Health system and workforce capacity
Fellows contributed to health system and workforce-related activities through mentorship, training, and operational assessments. Mentorship activities focused on mpox surveillance, outbreak investigation, data analysis, and response coordination. Health system assessments documented availability and operational constraints related to personal protective equipment, laboratory turnaround time, isolation capacity, and contact tracing implementation. These findings were summarized in mentorship reports, assessment reports, and the operational contribution synthesis (Table 2).

Several projects documented psychosocial and stigma-related outcomes among mpox survivors and health-care workers. These included studies of anxiety, depression, post-traumatic stress symptoms, stigma, resilience, and perceived occupational risk. The outputs from these projects described mental health and wellbeing issues among affected populations and frontline staff during the response and were included in the psychosocial response-function synthesis (Table 2).

Discussion

This programmatic review demonstrates that UPHFP fellows contributed across all major functional domains of the mpox response, generating outputs that extended beyond outbreak description to inform surveillance optimisation, laboratory–epidemiology coordination, response targeting, clinical management strategies, community engagement, and health system preparedness. Fellows’ work included supporting diagnostic response through rapid laboratory capacity assessments, improving integration of laboratory and surveillance data, and supporting real-time monitoring of transmission through dashboards linking epidemiologic and laboratory information. These contributions spanned the full course of the mpox outbreak in Uganda, from early detection and characterisation of initial outbreaks through outbreak expansion and into sustained response activities as transmission became established in various settings.

During the early phase of the mpox epidemic, fellows contributed to surveillance, case detection, and laboratory–epidemiology coordination through alert-management evaluations, rapid laboratory response assessments, surveillance data reviews, and analyses of misdiagnosis and under-reporting. These outputs documented operational gaps in diagnostic confirmation, reporting, and coordination between laboratory and surveillance teams, including across public and private healthcare settings [4, 12]. In a newly emerging outbreak with evolving clinical presentation, such outputs were relevant to case verification, isolation planning, and prioritisation of surveillance improvements. They also complemented broader response needs by linking epidemiologic and laboratory information through dashboards and other routine response products.

As transmission expanded geographically, fellows led or supported investigations in urban, peri-urban, fishing, island, institutional, and refugee-hosting settings[12-14]. These investigations described affected populations, transmission patterns, and operational challenges across heterogeneous settings and provided response teams with information relevant to geographic prioritisation, risk communication, and engagement of populations with increased exposure or mobility. This portfolio of outbreak investigations is consistent with the core service role of field epidemiology training programs, which emphasise mentored field practice, descriptive epidemiology, hypothesis generation, and rapid communication of findings during public health emergencies[7, 9].

Published studies and programmatic reports summarised in this review also described clinical severity, mortality, recovery, and care-seeking patterns among mpox patients, including children, adolescents, and persons with comorbidities [3, 15]. These outputs were relevant to discussions on clinical risk stratification, follow-up, and care models during sustained transmission.
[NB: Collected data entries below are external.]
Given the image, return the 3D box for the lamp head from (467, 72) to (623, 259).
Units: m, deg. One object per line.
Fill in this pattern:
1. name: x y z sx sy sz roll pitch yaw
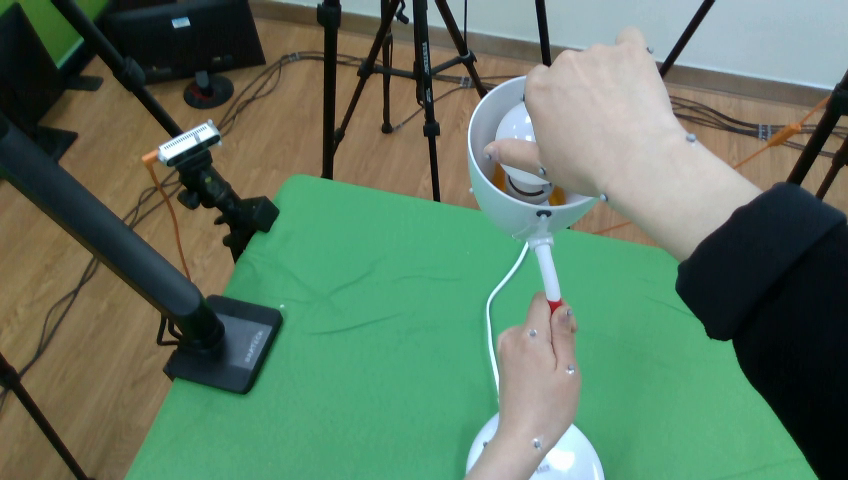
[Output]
1. lamp head: 0.087 -0.048 0.477 0.112 0.124 0.111 0 62 1

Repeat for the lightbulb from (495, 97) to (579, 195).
1. lightbulb: 0.082 -0.063 0.455 0.059 0.108 0.059 -1 70 3

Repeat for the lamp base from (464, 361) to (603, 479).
1. lamp base: 0.120 0.216 0.647 0.161 0.182 0.177 -23 56 -14

Evaluations and project reports on home-based and facility-based care documented recovery outcomes and implementation challenges, providing descriptive information for response teams considering context-specific care approaches.

Community and behavioural studies conducted during the response documented knowledge, attitudes, practices, stigma, vaccine concerns, and barriers to isolation and care-seeking among healthcare workers, community health workers, pilgrims, survivors, and affected communities [16-19]. These outputs identified considerations for risk communication and community engagement, particularly as transmission extended beyond early high-risk networks into households and broader community settings. The inclusion of these studies highlights the importance of behavioural and social evidence during outbreaks, especially where delays in care-seeking, stigma, economic constraints, and low perceived risk may influence uptake ofoutbreak response measures.
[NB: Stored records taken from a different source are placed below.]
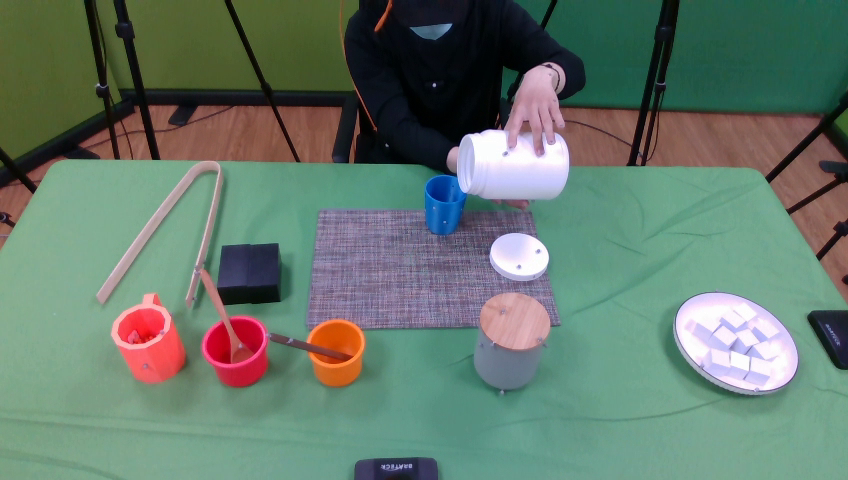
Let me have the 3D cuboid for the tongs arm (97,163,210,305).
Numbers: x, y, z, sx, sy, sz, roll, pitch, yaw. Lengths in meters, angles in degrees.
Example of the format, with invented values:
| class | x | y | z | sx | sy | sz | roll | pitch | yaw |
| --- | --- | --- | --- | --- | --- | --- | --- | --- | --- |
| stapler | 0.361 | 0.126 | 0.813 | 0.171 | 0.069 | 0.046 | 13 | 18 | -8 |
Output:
| class | x | y | z | sx | sy | sz | roll | pitch | yaw |
| --- | --- | --- | --- | --- | --- | --- | --- | --- | --- |
| tongs arm | -0.520 | -0.027 | 1.183 | 0.028 | 0.028 | 0.385 | 5 | 45 | 12 |

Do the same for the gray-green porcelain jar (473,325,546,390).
| class | x | y | z | sx | sy | sz | roll | pitch | yaw |
| --- | --- | --- | --- | --- | --- | --- | --- | --- | --- |
| gray-green porcelain jar | 0.135 | 0.170 | 0.969 | 0.106 | 0.127 | 0.105 | 2 | 46 | -2 |

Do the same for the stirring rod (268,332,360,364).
| class | x | y | z | sx | sy | sz | roll | pitch | yaw |
| --- | --- | --- | --- | --- | --- | --- | --- | --- | --- |
| stirring rod | -0.167 | 0.169 | 0.942 | 0.177 | 0.006 | 0.014 | 26 | 26 | -41 |

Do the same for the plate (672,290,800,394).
| class | x | y | z | sx | sy | sz | roll | pitch | yaw |
| --- | --- | --- | --- | --- | --- | --- | --- | --- | --- |
| plate | 0.533 | 0.178 | 1.050 | 0.208 | 0.039 | 0.206 | 2 | 46 | -2 |

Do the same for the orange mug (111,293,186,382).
| class | x | y | z | sx | sy | sz | roll | pitch | yaw |
| --- | --- | --- | --- | --- | --- | --- | --- | --- | --- |
| orange mug | -0.435 | 0.149 | 0.969 | 0.083 | 0.101 | 0.125 | -5 | 51 | -8 |

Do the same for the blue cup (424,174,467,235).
| class | x | y | z | sx | sy | sz | roll | pitch | yaw |
| --- | --- | --- | --- | --- | --- | --- | --- | --- | --- |
| blue cup | 0.039 | -0.065 | 1.201 | 0.093 | 0.101 | 0.092 | 3 | 47 | -3 |

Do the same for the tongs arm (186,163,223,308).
| class | x | y | z | sx | sy | sz | roll | pitch | yaw |
| --- | --- | --- | --- | --- | --- | --- | --- | --- | --- |
| tongs arm | -0.436 | -0.024 | 1.181 | 0.051 | 0.027 | 0.382 | -3 | 45 | 0 |

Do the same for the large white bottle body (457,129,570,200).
| class | x | y | z | sx | sy | sz | roll | pitch | yaw |
| --- | --- | --- | --- | --- | --- | --- | --- | --- | --- |
| large white bottle body | 0.164 | -0.141 | 1.140 | 0.185 | 0.131 | 0.129 | 0 | 46 | -15 |

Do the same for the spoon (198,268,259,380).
| class | x | y | z | sx | sy | sz | roll | pitch | yaw |
| --- | --- | --- | --- | --- | --- | --- | --- | --- | --- |
| spoon | -0.313 | 0.133 | 0.962 | 0.041 | 0.021 | 0.194 | -24 | 96 | -21 |

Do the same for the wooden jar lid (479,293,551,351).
| class | x | y | z | sx | sy | sz | roll | pitch | yaw |
| --- | --- | --- | --- | --- | --- | --- | --- | --- | --- |
| wooden jar lid | 0.138 | 0.127 | 0.925 | 0.108 | 0.021 | 0.107 | 1 | 47 | -1 |

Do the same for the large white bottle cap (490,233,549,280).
| class | x | y | z | sx | sy | sz | roll | pitch | yaw |
| --- | --- | --- | --- | --- | --- | --- | --- | --- | --- |
| large white bottle cap | 0.186 | 0.031 | 1.177 | 0.115 | 0.018 | 0.114 | 2 | 46 | -2 |

Mentorship, training, and health system assessments documented the role of UPHFP fellows in response support and workforce development. These activities included mentorship of approximately 160 health workers across 30 districts and assessments describing constraints related to laboratory turnaround time, infection prevention supplies, isolation infrastructure, and contact tracing implementation. These findings are consistent with previous descriptions of Uganda’s fellowship model and its role in supporting outbreak response capacity through embedded service delivery and mentored field practice [8, 10]. Fellows’ mentorship and workforce-strengthening activities during the mpox response align with previous assessments showing that FETPs can simultaneously strengthen workforce capacity while identifying structural health system constraints that require sustained investment [8, 10]. However, because this review did not assess pre- and post-intervention changes, these activities should be interpreted as workforce and response-support contributions rather than measured improvements in system performance.

Importantly, fellows’ work also extended to psychosocial and stigma-related dimensions of the mpox response. Studies documenting mental health outcomes, stigma, and resilience among survivors and healthcare workers expanded the scope of response evidence beyond traditional epidemiologic domains and underscored the importance of integrating psychosocial support into outbreak response planning [20]. The explicit focus on psychosocial outcomes and survivor experiences during the mpox response represents an expansion of documented FETP contributions, reflecting growing recognition of the importance of mental health and workforce resilience during prolonged public health emergencies [21, 22].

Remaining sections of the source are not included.